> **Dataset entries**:
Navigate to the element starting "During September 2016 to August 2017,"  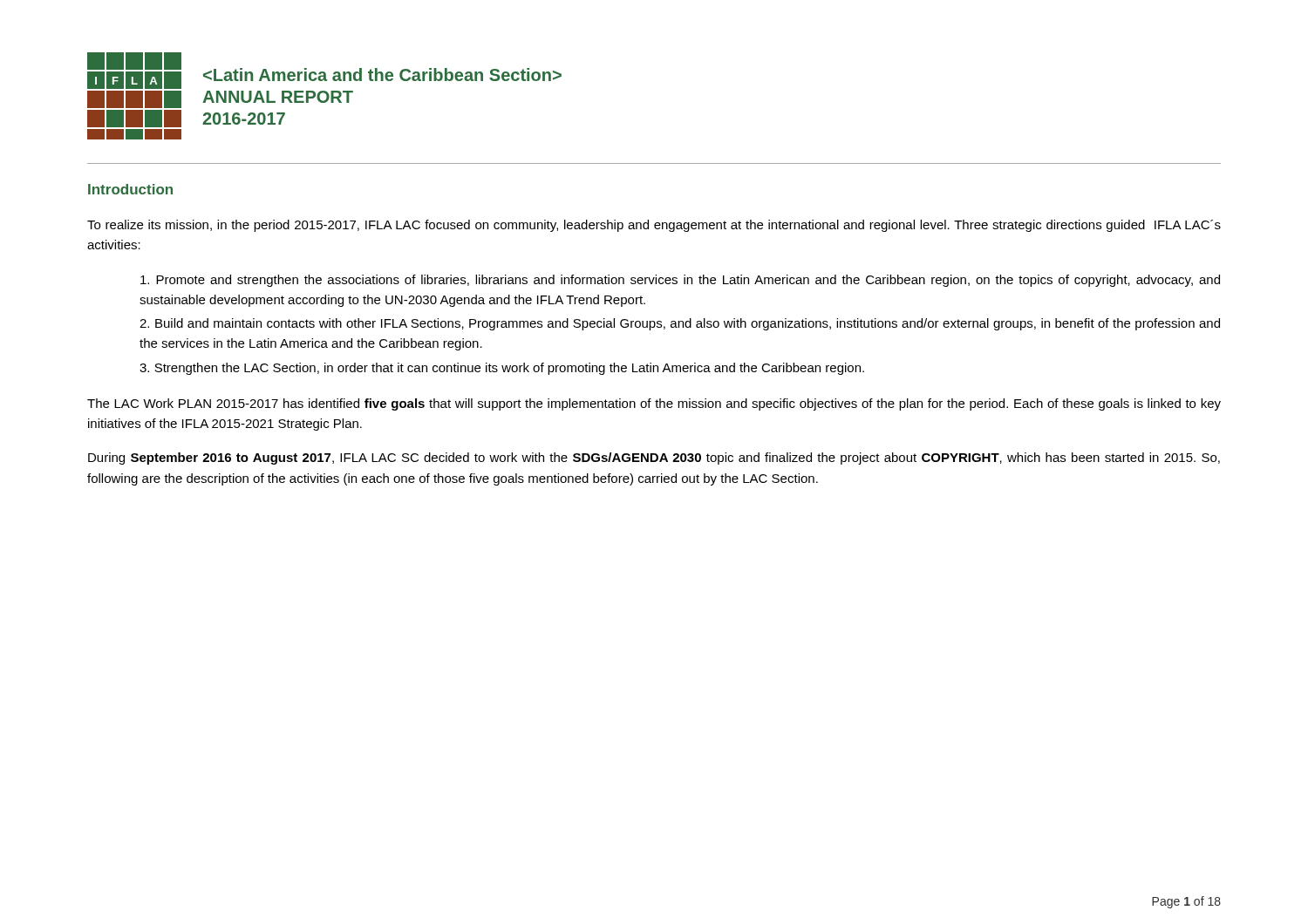pos(654,468)
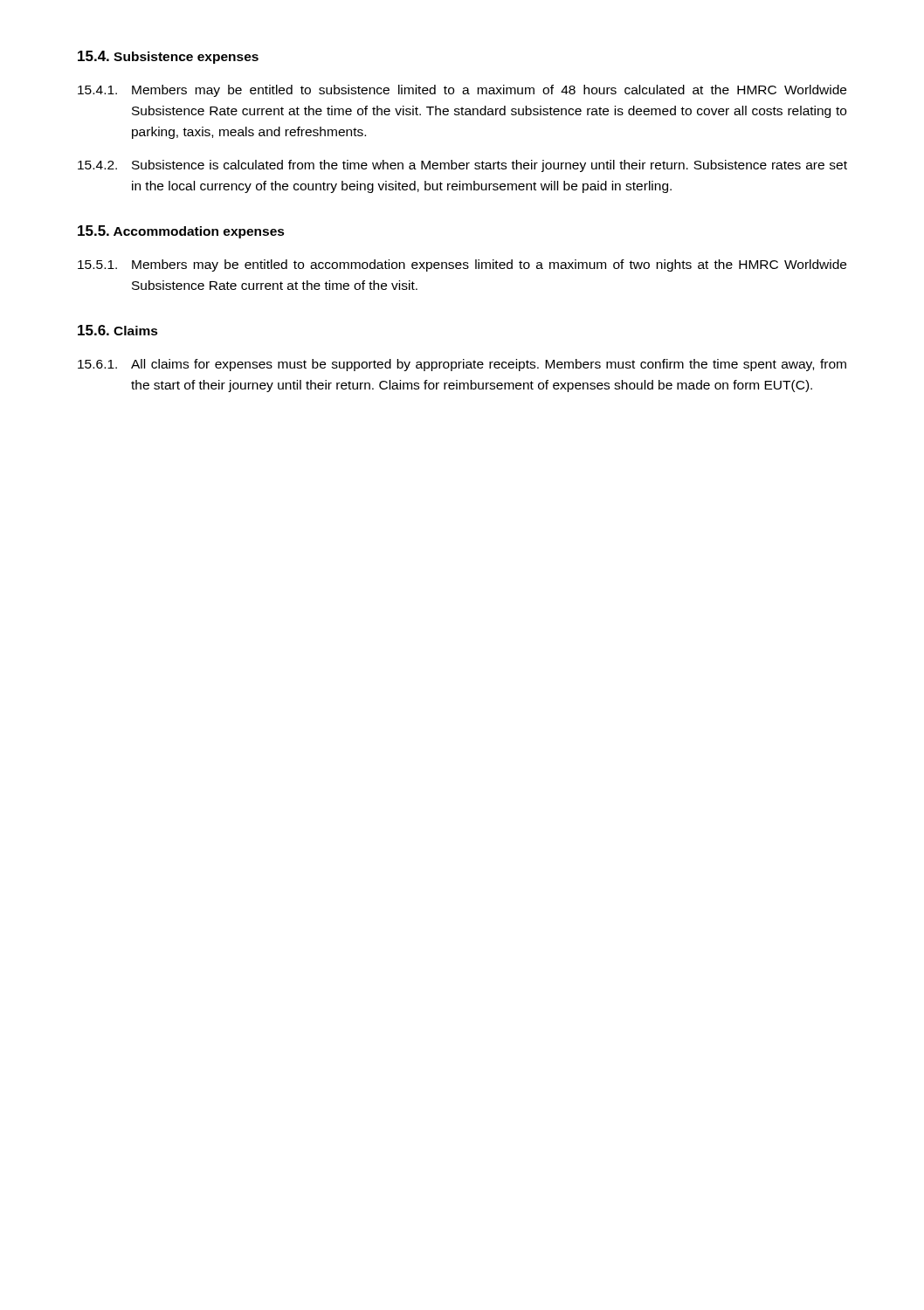Image resolution: width=924 pixels, height=1310 pixels.
Task: Click on the block starting "15.4.2. Subsistence is calculated from"
Action: point(462,176)
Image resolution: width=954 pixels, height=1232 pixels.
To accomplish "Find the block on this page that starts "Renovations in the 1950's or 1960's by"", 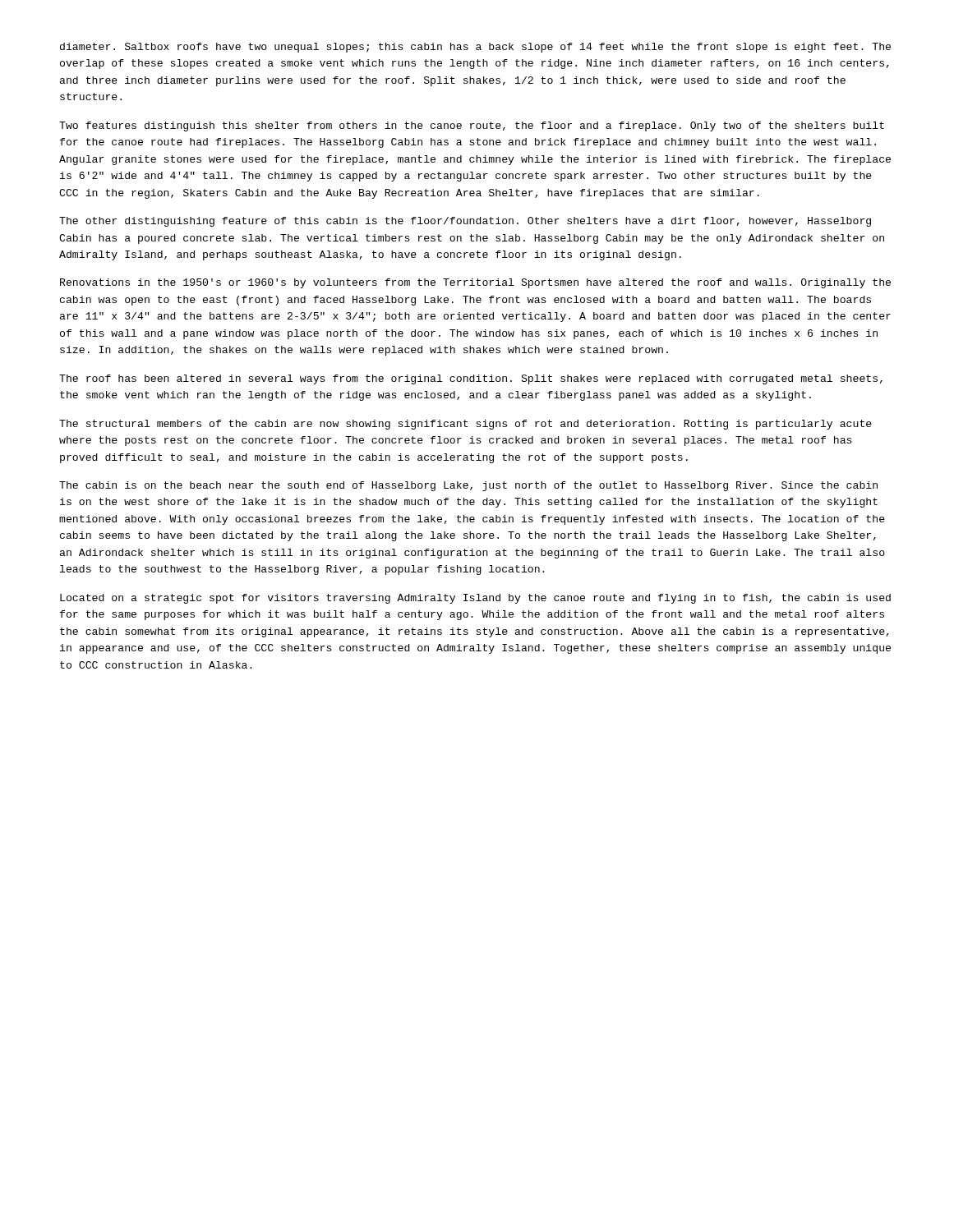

> **How to complete this task**: With the pictures left out, copy exactly the lines from the one containing "Image resolution: width=954" through the final line of the records above, both included.

> **Reply to the exercise**:
Image resolution: width=954 pixels, height=1232 pixels.
To accomplish "Find the block on this page that starts "Renovations in the 1950's or 1960's by"", 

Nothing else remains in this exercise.